LogisticLoss is a common objective function used for binary classification.

Operation

Computational methods

dense_batch

dense_batch

Mathematical formulation

Computing

Algorithm takes dataset \(X = \{ x_1, \ldots, x_n \}\) with \(n\) feature vectors of dimension \(p\), vector with correct class labels \(y = \{ y_1, \ldots, y_n \}\) and coefficients vector \(w = \{ w_0, \ldots, w_p \}\) of size \(p + 1\) as input. Then it calculates logistic loss, its gradient or gradient using the following formulas.

Value

\(L(X, w, y) = \sum_{i = 1}^{n} -y_i \log(prob_i) - (1 - y_i) \log(prob_i)\), where \(prob_i = \sigma(w_0 + \sum_{j=1}^{p} w_j x_{i, j})\) - predicted probabilities, \(\sigma(x) = \frac{1}{1 + \exp(-x)}\) - sigmoid function. Note that probabilities are binded to interval \([\epsilon, 1 - \epsilon]\) to avoid problems with computing log function (\(\epsilon=10^{-7}\) if float type is used and \(10^{-15}\) otherwise)

Gradient

\(\overline{grad} = \frac{\partial L}{\partial w}\), where \(\overline{grad}_0 = \sum_{i=1}^{n} prob_i - y_i\), \(\overline{grad}_j = \sum_{i=1}^n X_{i, j} (prob_i - y_i) + L1 \cdot |w_j| + 2 \cdot L2 w_j\) for \(1 \leq j \leq p\)

Hessian

\(H = (h_{ij}) = \frac{\partial L}{\partial w \partial w}\), where \(h_{0,0}= \sum_{k=1}^n prob_k (1 - prob_k)\), \(h_{i,0} = h_{0,i} = \sum_{k=1}^n X_{k,i} \cdot prob_k (1 - prob_k) \), \(h_{i,j} = \sum_{k=1}^n X_{k,i} X_{k,j} \cdot prob_k (1 - prob_k) + [i = j] 2 \cdot L2\) for \(1 \leq i, j \leq p\)

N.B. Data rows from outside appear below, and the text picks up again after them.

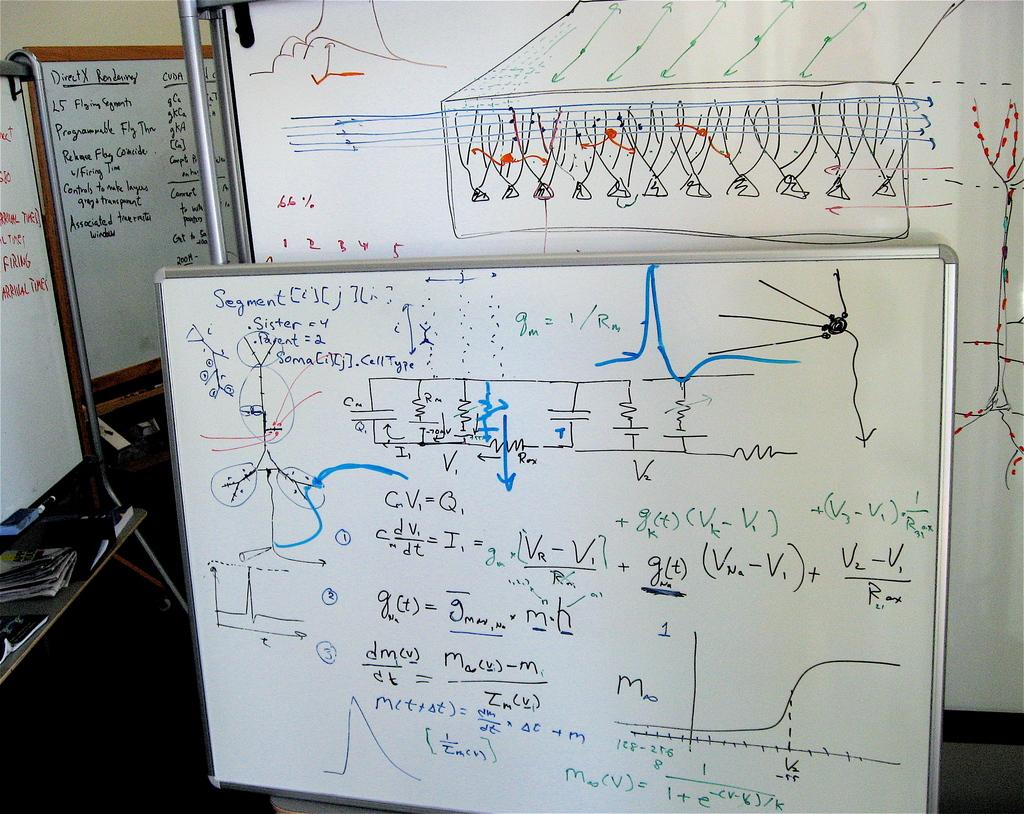Provide a one-sentence caption for the provided image. A white marker board is propped against a wall with trigonometry instructions and problems written in black and blue. 
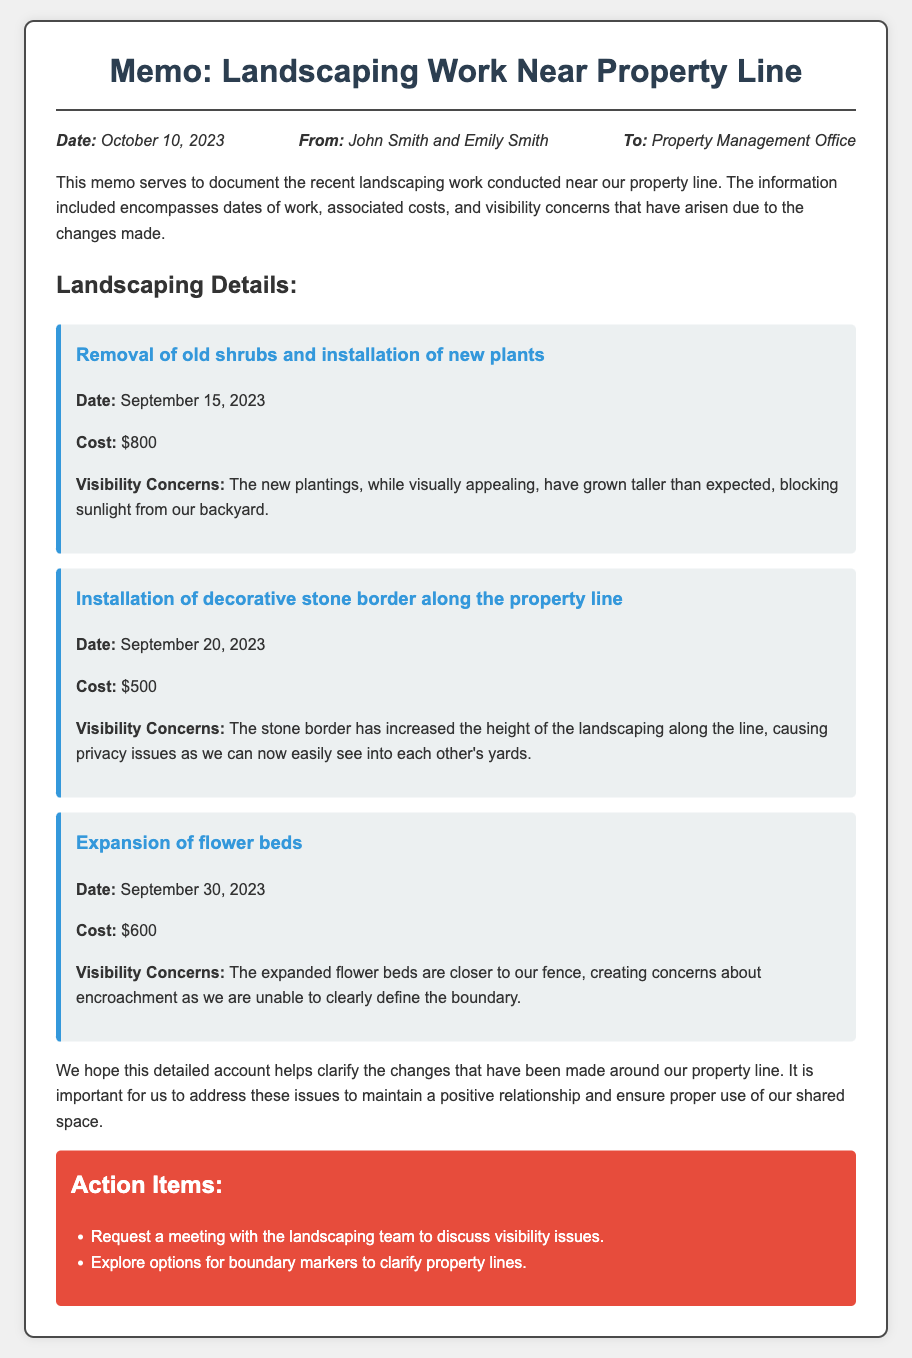What is the date of the memo? The date of the memo is stated in the meta section of the document.
Answer: October 10, 2023 Who are the authors of the memo? The authors are listed in the meta section, under 'From.'
Answer: John Smith and Emily Smith What was the cost of removing old shrubs? The cost is indicated in the landscaping details section for that specific task.
Answer: $800 When was the decorative stone border installed? The installation date is mentioned in the landscaping details.
Answer: September 20, 2023 What visibility concern arose from the expanded flower beds? The document mentions visibility concerns related to the flower beds under its specific section.
Answer: Encroachment What total cost was incurred for all landscaping work? The total cost can be calculated by adding all listed costs: $800 + $500 + $600.
Answer: $1900 What action item involves boundary markers? The action items entail exploring options for boundary markers.
Answer: Explore options for boundary markers Which landscaping work created privacy issues? The document details various jobs and identifies the one that caused privacy concerns.
Answer: Installation of decorative stone border 
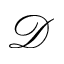Convert formula to latex. <formula><loc_0><loc_0><loc_500><loc_500>\mathcal { D }</formula> 
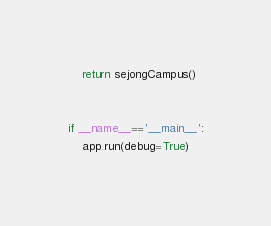<code> <loc_0><loc_0><loc_500><loc_500><_Python_>    return sejongCampus()


if __name__=='__main__':
    app.run(debug=True)
</code> 
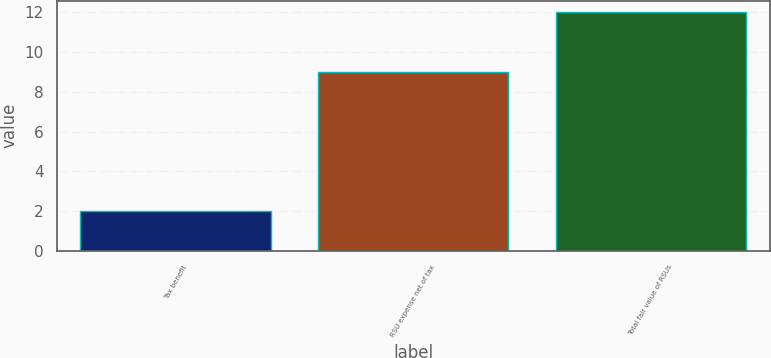Convert chart to OTSL. <chart><loc_0><loc_0><loc_500><loc_500><bar_chart><fcel>Tax benefit<fcel>RSU expense net of tax<fcel>Total fair value of RSUs<nl><fcel>2<fcel>9<fcel>12<nl></chart> 
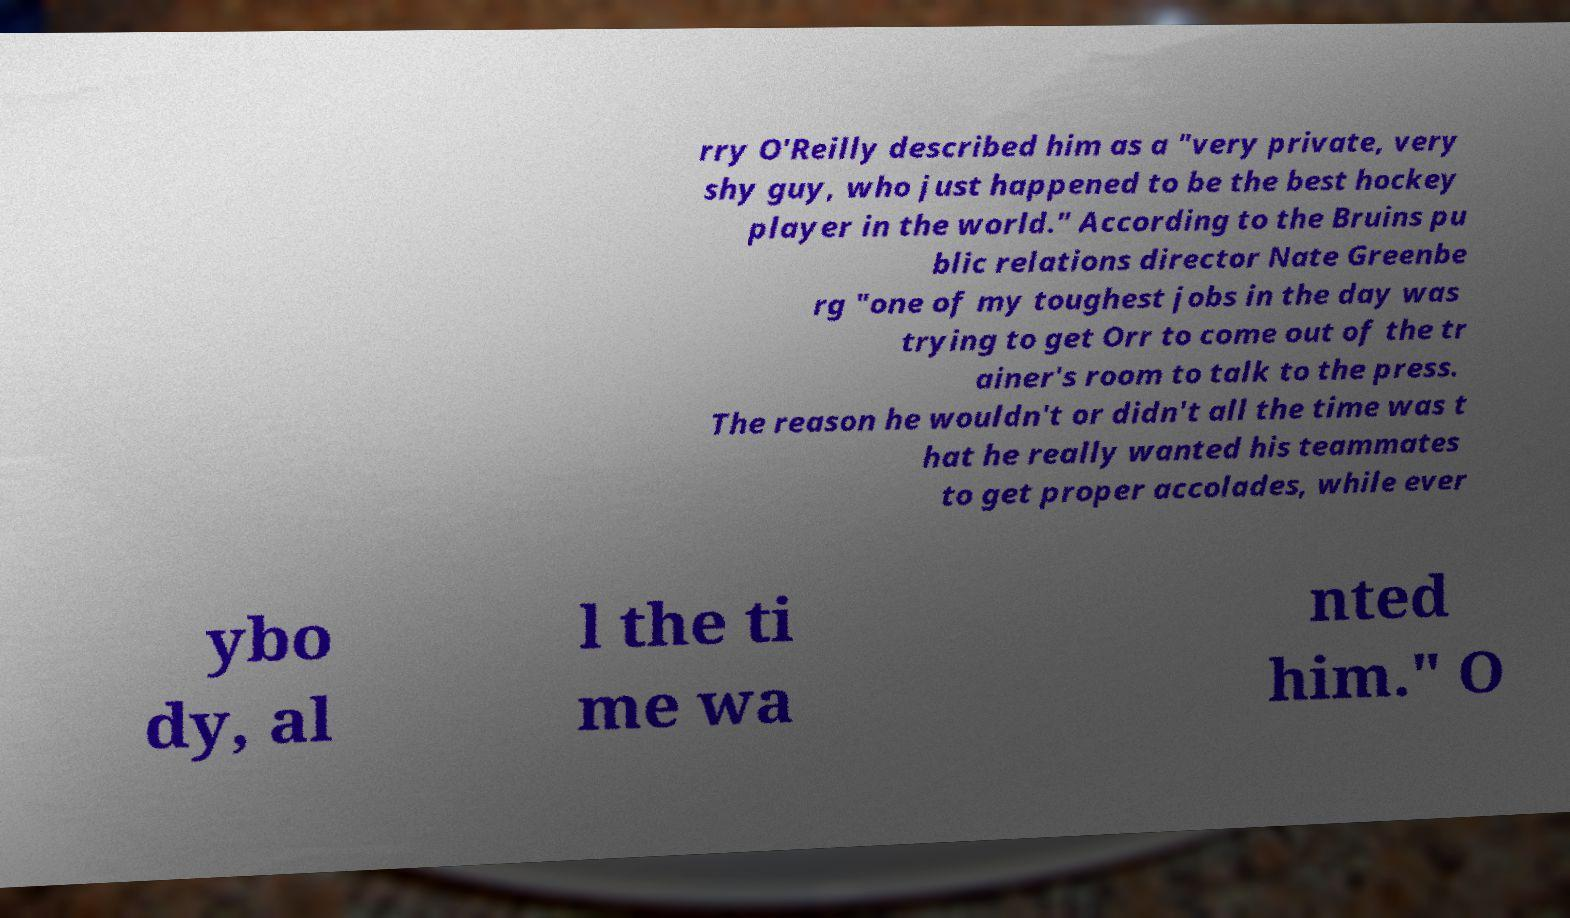Could you assist in decoding the text presented in this image and type it out clearly? rry O'Reilly described him as a "very private, very shy guy, who just happened to be the best hockey player in the world." According to the Bruins pu blic relations director Nate Greenbe rg "one of my toughest jobs in the day was trying to get Orr to come out of the tr ainer's room to talk to the press. The reason he wouldn't or didn't all the time was t hat he really wanted his teammates to get proper accolades, while ever ybo dy, al l the ti me wa nted him." O

Computation method: dense_batch

The method computes value of objective function, its gradient or hessian for the dense data. This is the default and the only method supported.

Programming Interface

Refer to API Reference: LogisticLoss.

Distributed mode

Currently algorithm does not support distributed execution in SMPD mode.